The basic design of the database was discussed, and recommendations for hosting, administration, and management of the database were put forth.
Achieving an accurate and detailed annotation of a newly sequenced genome is a critical, but often difficult, step in the process of analyzing the sequence data. This is especially difficult for organisms where genetic tools have yet to be developed. Unfortunately, the pace of experimental elucidation of gene function is very slow compared to the pace of sequencing and computational prediction of function. Thus, rather than attempt to experimentally explore the functions of every unknown gene in every sequenced genome, it is preferable to focus experimental investigations on the most informative targets. For instance, the scope and accuracy of existing bioinformatics techniques would be greatly enhanced by obtaining one or a few experimental functions for members of gene families that are found in many organisms. This experimental annotation initiative will encourage and enable experimental biochemists to participate in the annotation of prokaryotic genomes.
The initial focus of this particular initiative would be prokaryotes – bacteria and archaea – because (a) they possess relatively small genomes comprising genes that are usually easily defined, (b)a great deal of prokaryotic genomic sequence data is available in the public domain, and (c) because they are experimentally tractable.

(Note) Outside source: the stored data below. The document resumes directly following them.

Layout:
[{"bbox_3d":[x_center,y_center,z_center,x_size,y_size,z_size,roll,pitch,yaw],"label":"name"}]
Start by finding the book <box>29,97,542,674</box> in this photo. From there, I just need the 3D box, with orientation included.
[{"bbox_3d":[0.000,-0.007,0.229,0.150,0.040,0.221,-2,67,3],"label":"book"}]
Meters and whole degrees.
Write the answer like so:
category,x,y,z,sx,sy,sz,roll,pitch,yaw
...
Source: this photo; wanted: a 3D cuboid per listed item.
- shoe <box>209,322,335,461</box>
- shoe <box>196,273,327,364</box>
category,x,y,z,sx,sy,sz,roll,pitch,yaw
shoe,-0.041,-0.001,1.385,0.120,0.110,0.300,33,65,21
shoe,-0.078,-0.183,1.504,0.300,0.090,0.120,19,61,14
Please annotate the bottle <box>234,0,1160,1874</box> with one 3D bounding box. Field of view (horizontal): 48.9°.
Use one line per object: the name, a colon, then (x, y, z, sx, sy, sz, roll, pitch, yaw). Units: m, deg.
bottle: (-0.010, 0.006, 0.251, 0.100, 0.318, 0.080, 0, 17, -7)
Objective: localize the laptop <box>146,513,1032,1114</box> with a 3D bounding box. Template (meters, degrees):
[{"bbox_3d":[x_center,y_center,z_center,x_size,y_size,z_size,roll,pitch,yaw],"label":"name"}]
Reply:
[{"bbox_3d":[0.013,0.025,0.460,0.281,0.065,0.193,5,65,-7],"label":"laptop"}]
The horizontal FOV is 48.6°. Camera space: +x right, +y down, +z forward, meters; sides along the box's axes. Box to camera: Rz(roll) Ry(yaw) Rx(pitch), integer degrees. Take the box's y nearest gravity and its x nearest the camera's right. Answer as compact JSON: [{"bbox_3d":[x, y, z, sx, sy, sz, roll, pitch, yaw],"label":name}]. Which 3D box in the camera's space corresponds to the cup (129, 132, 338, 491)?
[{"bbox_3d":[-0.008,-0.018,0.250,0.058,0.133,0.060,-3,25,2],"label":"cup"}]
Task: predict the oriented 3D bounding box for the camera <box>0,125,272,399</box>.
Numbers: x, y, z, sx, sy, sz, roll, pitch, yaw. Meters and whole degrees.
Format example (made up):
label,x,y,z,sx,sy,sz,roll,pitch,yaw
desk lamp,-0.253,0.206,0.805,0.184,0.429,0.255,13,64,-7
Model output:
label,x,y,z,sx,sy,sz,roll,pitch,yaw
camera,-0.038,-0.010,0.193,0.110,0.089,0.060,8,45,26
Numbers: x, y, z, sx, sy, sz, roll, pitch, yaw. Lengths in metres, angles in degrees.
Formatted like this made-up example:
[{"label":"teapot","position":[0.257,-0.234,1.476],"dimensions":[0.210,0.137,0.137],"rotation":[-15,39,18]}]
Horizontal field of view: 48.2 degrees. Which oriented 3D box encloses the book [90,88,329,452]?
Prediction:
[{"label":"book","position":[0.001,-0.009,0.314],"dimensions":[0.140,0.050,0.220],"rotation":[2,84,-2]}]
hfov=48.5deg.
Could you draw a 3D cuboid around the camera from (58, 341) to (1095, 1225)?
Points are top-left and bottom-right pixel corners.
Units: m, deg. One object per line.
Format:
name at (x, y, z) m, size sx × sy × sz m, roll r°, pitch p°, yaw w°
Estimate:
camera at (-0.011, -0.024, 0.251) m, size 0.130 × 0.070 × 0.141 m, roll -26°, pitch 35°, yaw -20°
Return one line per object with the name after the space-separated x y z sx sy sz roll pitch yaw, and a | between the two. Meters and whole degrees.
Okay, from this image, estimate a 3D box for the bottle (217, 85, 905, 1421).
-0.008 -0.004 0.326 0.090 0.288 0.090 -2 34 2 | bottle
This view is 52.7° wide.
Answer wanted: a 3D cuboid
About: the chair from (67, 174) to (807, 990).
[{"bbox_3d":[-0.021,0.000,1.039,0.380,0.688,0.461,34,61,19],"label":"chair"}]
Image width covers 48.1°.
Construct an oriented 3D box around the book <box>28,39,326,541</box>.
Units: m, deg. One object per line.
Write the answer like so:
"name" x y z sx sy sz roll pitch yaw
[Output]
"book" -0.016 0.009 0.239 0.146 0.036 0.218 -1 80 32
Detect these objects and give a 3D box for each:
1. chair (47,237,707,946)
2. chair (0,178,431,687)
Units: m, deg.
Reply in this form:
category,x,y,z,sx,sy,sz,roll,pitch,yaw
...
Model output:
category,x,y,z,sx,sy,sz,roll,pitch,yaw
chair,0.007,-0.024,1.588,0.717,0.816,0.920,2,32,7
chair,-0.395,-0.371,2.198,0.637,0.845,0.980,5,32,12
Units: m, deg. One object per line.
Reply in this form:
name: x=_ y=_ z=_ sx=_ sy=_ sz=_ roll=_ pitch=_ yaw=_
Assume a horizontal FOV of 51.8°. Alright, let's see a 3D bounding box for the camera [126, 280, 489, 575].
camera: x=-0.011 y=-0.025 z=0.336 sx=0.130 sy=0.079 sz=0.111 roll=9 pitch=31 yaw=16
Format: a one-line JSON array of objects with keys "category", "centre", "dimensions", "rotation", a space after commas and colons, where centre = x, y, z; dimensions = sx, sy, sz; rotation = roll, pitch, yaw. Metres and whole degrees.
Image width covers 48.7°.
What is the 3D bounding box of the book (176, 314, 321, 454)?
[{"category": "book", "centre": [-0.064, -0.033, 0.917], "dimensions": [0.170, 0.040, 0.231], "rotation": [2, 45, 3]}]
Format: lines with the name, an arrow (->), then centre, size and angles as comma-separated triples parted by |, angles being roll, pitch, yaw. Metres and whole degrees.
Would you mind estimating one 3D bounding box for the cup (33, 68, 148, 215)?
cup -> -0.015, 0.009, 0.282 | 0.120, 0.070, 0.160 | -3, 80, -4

Schemes need to be developed to determine which among the prokaryotic gene products and orphan proteins should receive attention first. In one possible plan, priority would be given to families of similar genes that are found in many different genomes, because determining a biochemical function for one member will likely implicate all family members as possessing the same or a similar function.
The details of the bioinformatics part of the initiative, such as database design and operation, should be open to the discretion of those researchers who apply for funding to construct it, but certain broad recommendations for the content and administrative aspects of the resource were formulated by the colloquium participants. For example, the database should include not only protein gene products but also functional RNA products. It was stressed that the input of both bioinformaticians and experimentalists would be vital to the success of the initiative, and their collaboration should be encouraged. The creation of an external database advisory board was also recommended. Funding would be required to support the bioinformaticians who will make and evaluate the bioinformatics predictions and generate and maintain the computational resource. However, the largest requirement for funding would be to support the experimental biochemical work testing bioinformatics predictions. It was proposed that one or more pilot projects be undertaken to assess the feasibility of the approach before embarking on a large scale initiative.
The potential impact of the proposed initiative is difficult to overstate since it would affect all aspects of biology. The participants feel that this project is essential to enable the next step in moving genomic science forward from accumulating a large depository of sequences towards achieving a true understanding of the basic elements of prokaryotic biology. Without a forward- looking initiative like the one proposed here, the functional data needed to propel systems biology forward will not be available, and those trying to understand the complex interactions of genes and their products in living cells will continue to work with many components of unknown function. In addition, elucidating the enzymatic functions essential for prokaryotic life will impact our understanding of eukaryotic organisms, which possess many of these same genes. This initiative will also foster closer collaborations between experimental and computational scientists and help to reinstate the importance of biochemical research. Finally, although much of the project will focus on traditional biochemistry, the initiative can be expected to stimulate new advances in functional screening, new functional genomic technologies such as phenotype arrays, and significant industrial and commercial opportunities in the form of new targets for both medical and industrial applications of prokaryotic biology.